*** Opening The input ***
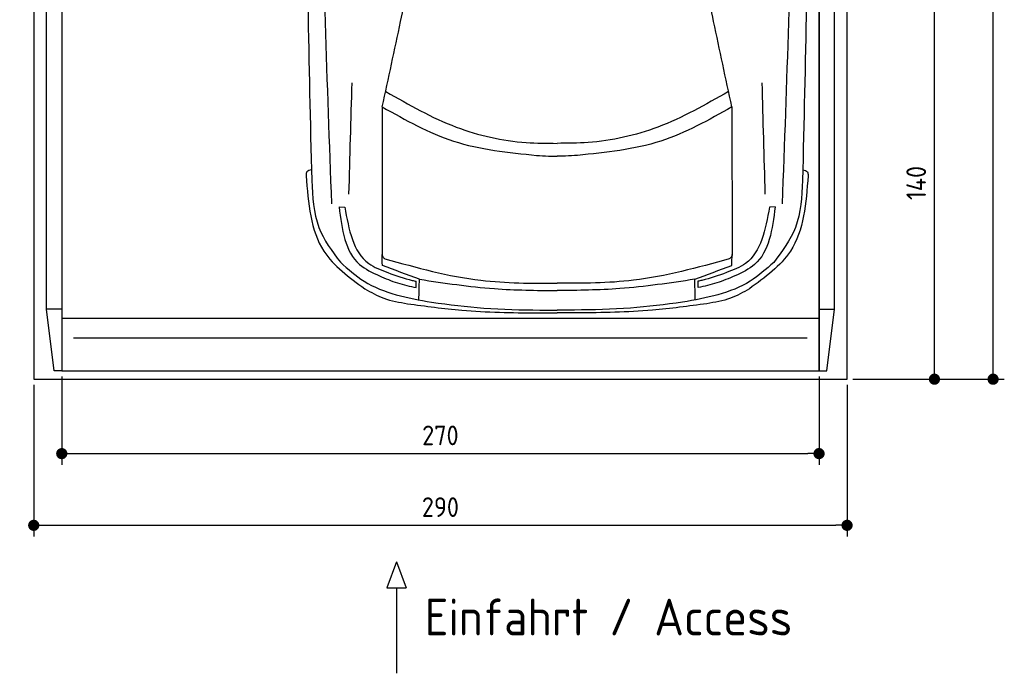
# Model space of a CAD drawing. Header units: millimetres. Extents: x -20 to 3511, y -1049 to 5673.
# Tile 1 of 3: x 0 to 3511, y -1049 to 1283. Entities that reach past the tile are written whole.
import ezdxf

# ---------------------------------------------------------------- set-up
doc = ezdxf.new("R2010")
doc.units = ezdxf.units.MM
for name, color, linetype in [('4', 3, 'Continuous'), ('5', 3, 'Continuous'), ('car', 1, 'Continuous')]:
    doc.layers.add(name, color=color, linetype=linetype)
doc.styles.get("Standard").update_dxf_attribs({"font": 'ISOCP.SHX'})
doc.dimstyles.new('GEN-ISO', dxfattribs={"dimscale": 20, "dimtxt": 3.5, "dimasz": 2, "dimexe": 2, "dimexo": 1, "dimgap": 1.5, "dimtad": 1, "dimdec": 1, "dimdsep": 46, "dimtxsty": 'Standard', "dimblk": 'PUNKT', "dimcen": 2, "dimclrd": 256, "dimclre": 256, "dimclrt": 2, "dimadec": 0, "dimazin": 0, "dimtp": 0.1, "dimtm": 0.1, "dimtfac": 0.71, "dimtdec": 1, "dimtmove": 2, "dimatfit": 3, "dimldrblk": 'PUNKT', "dimfxl": 0, "dimtolj": 1, "dimarcsym": 0})

# ---------------------------------------------------------------- blocks, each defined once
blk = doc.blocks.new('PUNKT')
at = {"layer": '4', "color": 0, "linetype": 'ByBlock'}
blk.add_line((-0.5, 0), (-1, 0), dxfattribs=at)
at = {"layer": '4', "color": 0, "linetype": 'ByBlock', "const_width": 0.5}
blk.add_lwpolyline([(-0.25, 0, 1), (0.25, 0, 1)], format="xyb", close=True, dxfattribs=at)
blk = doc.blocks.new('*D3')
at = {"layer": '5', "lineweight": -2}
for p, q in [((3020, 5300), (3510.6, 5300)), ((3470.6, 40), (3470.6, 5260)), ((2970, 0), (3510.6, 0))]:
    blk.add_line(p, q, dxfattribs=at)
at = {"layer": 'DEFPOINTS', "color": 0}
for p in [(3000, 5300), (3470.6, 5300), (2950, 0)]:
    blk.add_point(p, dxfattribs=at)
at = {"layer": '5', "lineweight": -2, "xscale": 40, "yscale": 40, "zscale": 40}
for p, rotation in [((3470.6, 5300), 90), ((3470.6, 0), 270)]:
    blk.add_blockref('PUNKT', p, dxfattribs=dict(at, rotation=rotation))
at = {"layer": '5', "color": 2, "insert": (3405.6, 2650), "char_height": 70, "attachment_point": 5, "rotation": 90}
blk.add_mtext('\\A1;530', dxfattribs=at)
blk = doc.blocks.new('*D4')
at = {"layer": '5', "lineweight": -2}
for p, q in [((50, -20), (50, -561.3)), ((2950, -20), (2950, -561.3)), ((90, -521.3), (2910, -521.3))]:
    blk.add_line(p, q, dxfattribs=at)
at = {"layer": 'DEFPOINTS', "color": 0}
for p in [(50, 0), (2950, 0), (2950, -521.3)]:
    blk.add_point(p, dxfattribs=at)
at = {"layer": '5', "lineweight": -2, "xscale": 40, "yscale": 40, "zscale": 40, "rotation": 180}
blk.add_blockref('PUNKT', (50, -521.3), dxfattribs=at)
at = {"layer": '5', "lineweight": -2, "xscale": 40, "yscale": 40, "zscale": 40}
blk.add_blockref('PUNKT', (2950, -521.3), dxfattribs=at)
at = {"layer": '5', "color": 2, "insert": (1500, -456.3), "char_height": 70, "attachment_point": 5}
blk.add_mtext('290', dxfattribs=at)
blk = doc.blocks.new('*D5')
at = {"layer": '5', "lineweight": -2}
for p, q in [((150, 10), (150, -305.5)), ((2850, 10), (2850, -305.5)), ((190, -265.5), (2810, -265.5))]:
    blk.add_line(p, q, dxfattribs=at)
at = {"layer": 'DEFPOINTS', "color": 0}
for p in [(150, 30), (2850, 30), (2850, -265.5)]:
    blk.add_point(p, dxfattribs=at)
at = {"layer": '5', "lineweight": -2, "xscale": 40, "yscale": 40, "zscale": 40, "rotation": 180}
blk.add_blockref('PUNKT', (150, -265.5), dxfattribs=at)
at = {"layer": '5', "lineweight": -2, "xscale": 40, "yscale": 40, "zscale": 40}
blk.add_blockref('PUNKT', (2850, -265.5), dxfattribs=at)
at = {"layer": '5', "color": 2, "insert": (1500, -200.5), "char_height": 70, "attachment_point": 5}
blk.add_mtext('270', dxfattribs=at)
blk = doc.blocks.new('*D6')
at = {"layer": '5', "lineweight": -2}
for p, q in [((3020, 1400), (3301.5, 1400)), ((3261.5, 40), (3261.5, 1360)), ((2970, 0), (3301.5, 0))]:
    blk.add_line(p, q, dxfattribs=at)
at = {"layer": 'DEFPOINTS', "color": 0}
for p in [(3000, 1400), (3261.5, 1400), (2950, 0)]:
    blk.add_point(p, dxfattribs=at)
at = {"layer": '5', "lineweight": -2, "xscale": 40, "yscale": 40, "zscale": 40}
for p, rotation in [((3261.5, 1400), 90), ((3261.5, 0), 270)]:
    blk.add_blockref('PUNKT', p, dxfattribs=dict(at, rotation=rotation))
at = {"layer": '5', "color": 2, "insert": (3196.5, 700), "char_height": 70, "attachment_point": 5, "rotation": 90}
blk.add_mtext('\\A1;140', dxfattribs=at)

msp = doc.modelspace()

# ---------------------------------------------------------------- linework, layer by layer
for p, q in [((150, 250), (95, 250)), ((122.5, 30), (95, 250)), ((2850, 250), (2905, 250)), ((2877.5, 30), (2905, 250)), ((150, 218), (2850, 218)), ((1343.48, -651.91), (1308.97, -744.61)), ((1343.48, -651.91), (1377.98, -744.61)), ((1308.97, -744.61), (1377.98, -744.61)), ((1343.48, -744.61), (1343.48, -1049.24))]:
    msp.add_line(p, q)
msp.add_lwpolyline([(3000, 5200), (2950, 5200), (2950, 5300), (50, 5300), (50, 5200), (0, 5200), (0, 1400), (50, 1400), (50, 0), (2950, 0), (2950, 1400), (3000, 1400)], close=True)
for points in [[(95, 5210), (150, 5210), (150, 30), (122.5, 30)], [(95, 250), (95, 5210)], [(150, 30), (2850, 30), (2850, 5210)], [(150, 5210), (150, 30)], [(2905, 5210), (2850, 5210), (2850, 30), (2877.5, 30)], [(2905, 250), (2905, 5210)], [(2807.98, 146.19), (1700, 146.19), (192.02, 146.19)]]:
    msp.add_lwpolyline(points)
at = {"layer": 'car'}
for p, q in [((1292.9, 971.36), (1292.04, 447.97)), ((2539.39, 971.34), (2540.24, 447.96)), ((1138.48, 614.61), (1158.99, 614.08)), ((2693.81, 614.59), (2673.3, 614.06)), ((1413.56, 327), (1413.56, 349.46)), ((2418.72, 326.98), (2418.72, 349.44)), ((1854.02, 246.78), (1916.14, 246.34)), ((1978.25, 246.78), (1916.14, 246.34)), ((1844.41, 236.2), (1916.14, 236.2)), ((1987.86, 236.2), (1916.14, 236.2))]:
    msp.add_line(p, q, dxfattribs=at)
for points, knots in [([(1112.63, 625.64), (1096.77, 1056.64), (1062.65, 1983.23), (1077.13, 2910.19), (1088.92, 3406)], [0, 0, 0, 0, 1293.6136458, 2781.0913078, 2781.0913078, 2781.0913078, 2781.0913078]), ([(2719.65, 625.62), (2735.53, 1056.62), (2769.67, 1983.21), (2755.21, 2910.16), (2743.44, 3405.98)], [0, 0, 0, 0, 1293.6136458, 2781.0913078, 2781.0913078, 2781.0913078, 2781.0913078]), ([(1038.28, 3395.27), (1027.35, 2916.19), (1010.29, 2020.63), (1031.32, 1125.12), (1041.09, 708.66)], [283.9698587, 283.9698587, 283.9698587, 283.9698587, 1721.3370464, 2970.9050259, 2970.9050259, 2970.9050259, 2970.9050259]), ([(2794.08, 3395.24), (2804.99, 2916.17), (2822.03, 2020.61), (2800.98, 1125.1), (2791.19, 708.64)], [283.9698587, 283.9698587, 283.9698587, 283.9698587, 1721.3370464, 2970.9050259, 2970.9050259, 2970.9050259, 2970.9050259])]:
    msp.add_open_spline(points, degree=3, knots=knots, dxfattribs=at)
for points in [[(1292.9, 971.36), (1358.04, 1276.38), (1383.14, 1397.83)], [(2539.39, 971.34), (2474.26, 1276.37), (2449.17, 1397.82)], [(1173.99, 659.81), (1185.05, 1057.84)], [(2658.3, 659.79), (2647.25, 1057.82)], [(1305.55, 1026.2), (1556.65, 899.5), (1805.76, 844.39), (1916.14, 841.45)], [(2526.74, 1026.18), (2275.64, 899.49), (2026.53, 844.39), (1916.14, 841.45)], [(1292.9, 971.36), (1546.68, 849.37), (1843.23, 798.48)], [(2539.39, 971.34), (2285.61, 849.36), (1989.06, 798.48)], [(1843.23, 798.48), (1885.92, 796.22), (1916.14, 795.86)], [(1989.06, 798.48), (1946.36, 796.22), (1916.14, 795.86)], [(1040.17, 747.05), (1023.96, 739.97), (1021.2, 725.95)], [(2792.12, 747.03), (2808.32, 739.95), (2811.09, 725.93)], [(1021.2, 725.95), (1084.55, 456.68), (1230.62, 322.57)], [(1041.09, 708.66), (1066.75, 541.48), (1143.43, 416.94)], [(2811.09, 725.93), (2747.73, 456.66), (2601.65, 322.55)], [(2791.19, 708.64), (2765.53, 541.45), (2688.84, 416.92)], [(1138.48, 614.61), (1212, 409.34), (1282.33, 368.42)], [(1158.99, 614.08), (1244.34, 413.01), (1312.41, 380.39)], [(2673.3, 614.06), (2587.94, 412.99), (2519.86, 380.38)], [(2693.81, 614.59), (2620.28, 409.32), (2549.95, 368.41)], [(1292.04, 447.97), (1294.24, 436.97), (1302.16, 429.53)], [(1293.17, 406.03), (1292.22, 445.25)], [(1302.16, 429.53), (1644.09, 352.94), (1916.14, 342.26)], [(2530.12, 429.51), (2188.18, 352.93), (1916.14, 342.26)], [(2540.24, 447.96), (2538.03, 436.96), (2530.12, 429.51)], [(2539.1, 406.01), (2540.06, 445.23)], [(1143.43, 416.94), (1227.75, 349.8), (1468.78, 274.77)], [(1425.35, 356.42), (1293.17, 406.03)], [(2688.84, 416.92), (2604.52, 349.78), (2363.49, 274.76)], [(2406.93, 356.41), (2539.1, 406.01)], [(1282.33, 368.42), (1347.04, 343.41), (1413.56, 327)], [(1312.41, 380.39), (1399.94, 352.4), (1413.85, 349.4)], [(1423.34, 283.14), (1425.35, 356.42)], [(1425.35, 356.42), (1692.34, 323.22), (1916.14, 315.94)], [(2406.93, 356.41), (2139.93, 323.21), (1916.14, 315.94)], [(2408.93, 283.13), (2406.93, 356.41)], [(2519.86, 380.38), (2432.34, 352.39), (2418.43, 349.38)], [(2549.95, 368.41), (2485.24, 343.39), (2418.72, 326.98)], [(1230.62, 322.57), (1297.88, 288.99), (1382.31, 269.36)], [(2601.65, 322.55), (2534.39, 288.97), (2449.96, 269.35)], [(1382.31, 269.36), (1576.54, 246.21), (1844.41, 236.2)], [(1468.78, 274.77), (1654.86, 253.61), (1854.02, 246.78)], [(2363.49, 274.76), (2177.42, 253.6), (1978.25, 246.78)], [(2449.96, 269.35), (2255.73, 246.2), (1987.86, 236.2)]]:
    msp.add_spline(points, degree=3, dxfattribs=at)

# ---------------------------------------------------------------- texts
msp.add_text('Einfahrt / Access', height=131.25).set_placement((1443.89, -914.18))

# ---------------------------------------------------------------- dimensions: what is measured, and where the dimension line sits
at = {"layer": '5'}
for base, p2, picture, middle in [((3470.6, 5300), (3000, 5300), '*D3', (3405.6, 2650)), ((3261.5, 1400), (3000, 1400), '*D6', (3196.5, 700))]:
    dim = msp.add_linear_dim(base=base, p1=(2950, 0), p2=p2, angle=270, dimstyle='GEN-ISO', override={"dimlfac": 0.1}, dxfattribs=at)
    dim.commit()
    dim.dimension.update_dxf_attribs({"geometry": picture, "text_midpoint": middle})
for base, p1, p2, picture, middle in [((2950, -521.33), (50, 0), (2950, 0), '*D4', (1500, -456.32)), ((2850, -265.52), (150, 30), (2850, 30), '*D5', (1500, -200.51))]:
    dim = msp.add_linear_dim(base=base, p1=p1, p2=p2, dimstyle='GEN-ISO', override={"dimlfac": 0.1, "dimtolj": 0}, dxfattribs=at)
    dim.commit()
    dim.dimension.update_dxf_attribs({"geometry": picture, "text_midpoint": middle})

doc.saveas('drawing.dxf')
*** Closing The input ***
--- Your objective ---
Using the material above, work out how many lines contain the string "linetype". Give the number only.

--- Result for this task ---
4